A simple check command I can run in my deploy script that fails the deploy if I’m in one of those situations seems like it would handle most of this. Adding the same check for deleting columns should handle another good chunk.

I don’t think we need to overcomplicate this more than that honestly. If we can ship this simple check command, we can massively improve the situation and then wait a few months and see what problems remain.

1 Like

A simple check command I can run in my deploy script that fails the deploy if I’m in one of those situations seems like it would handle most of this. Adding the same check for deleting columns should handle another good chunk.

@boxed I’d welcome your feedback on django-syzigy in this case.

In the case of field addition it will make sure to always insert an intermediary AddField(db_default) (and have a post-deploy AlterField(<without-db_default>) is you used default) and use an equivalent approach for column removal.

The only thing needed is to change your deployment workflow to do migrate --pre-deploy, then deploy, and then migrate.

You can also configure your CI to prevent your from merging changes that are not safely deployable in stages by setting up a feature branch check do

  1. git checkout <target-branch>
  2. ./manage.py migrate which will set the CI database as it is currently deployed
  3. git checkout <feature-branch>
  4. ./manage.py migrate --pre-deploy which will exit with an error code if you are trying to merge schema changes that cannot be safely applied in a rolling deployment manner

I saw it linked before and tried reading the readme but honestly I didn’t understand it. I think the readme might need to be reworked.
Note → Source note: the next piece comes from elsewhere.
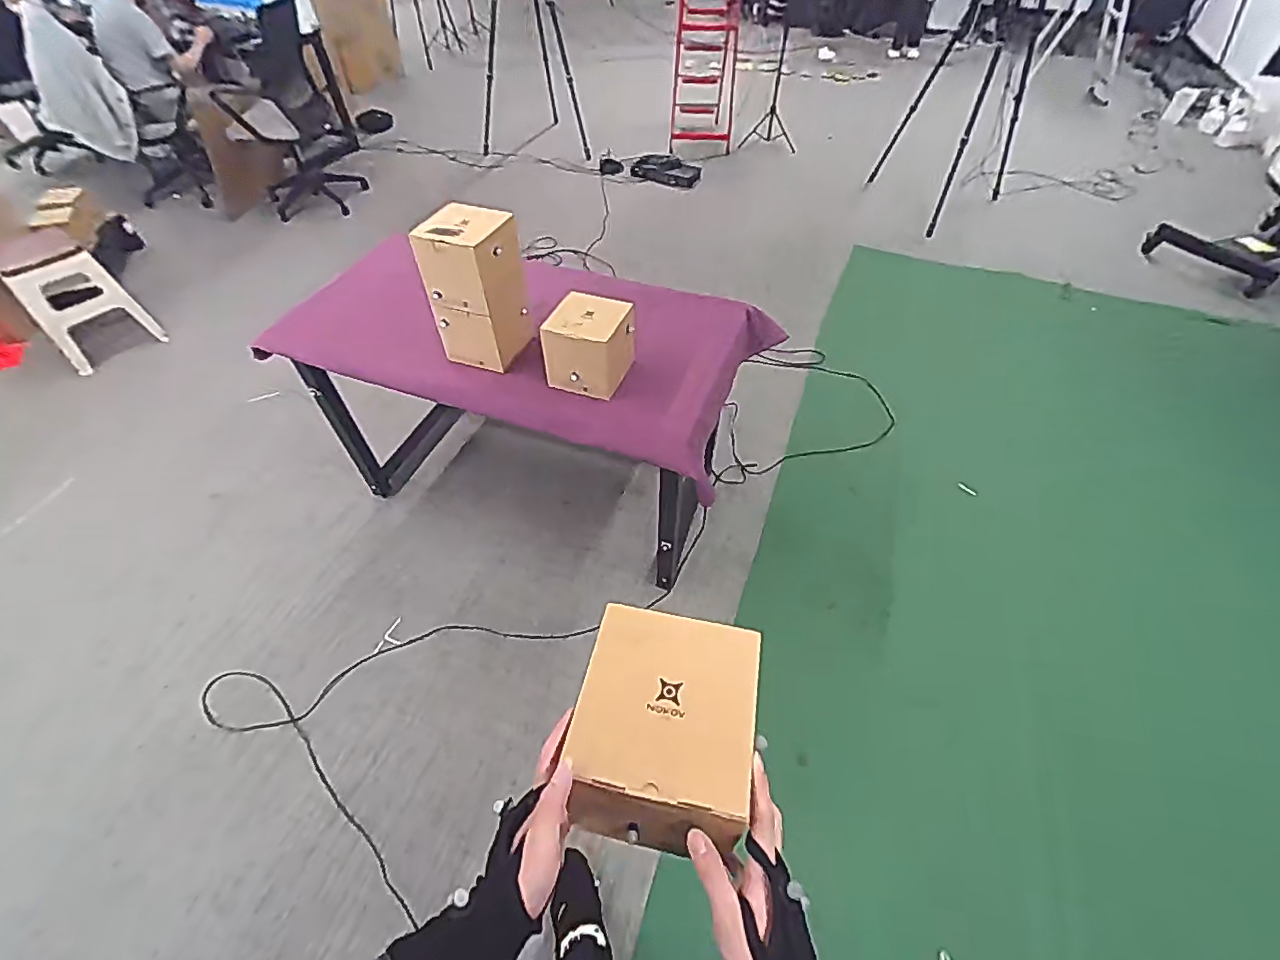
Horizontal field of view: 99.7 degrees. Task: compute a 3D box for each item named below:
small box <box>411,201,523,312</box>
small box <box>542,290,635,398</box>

Your description above didn’t really click for me either I’m afraid.

I’ve just come across this thread in the course of looking into how others approach this problem. I’m operating in an environment where we it’d be advantageous to minimise downtime.

I also totally see this as a more advanced use-case that seems to necessarily invite a degree of complexity that might (justifiably!) be too confusing / intimidating to justify concerning ‘the masses’ with it. It seems reasonable to me for this to be locked away as a third-party thing, assuming that Django can be appropriately hooked to allow for a third-party solution, which it seemingly can be!

For what it’s worth @charettes, the README is understandable to me :stuck_out_tongue:.

1 Like

Coming a bit late to the party but I was toying with an idea on a similar line here. Just cross-referencing, discussion can continue here.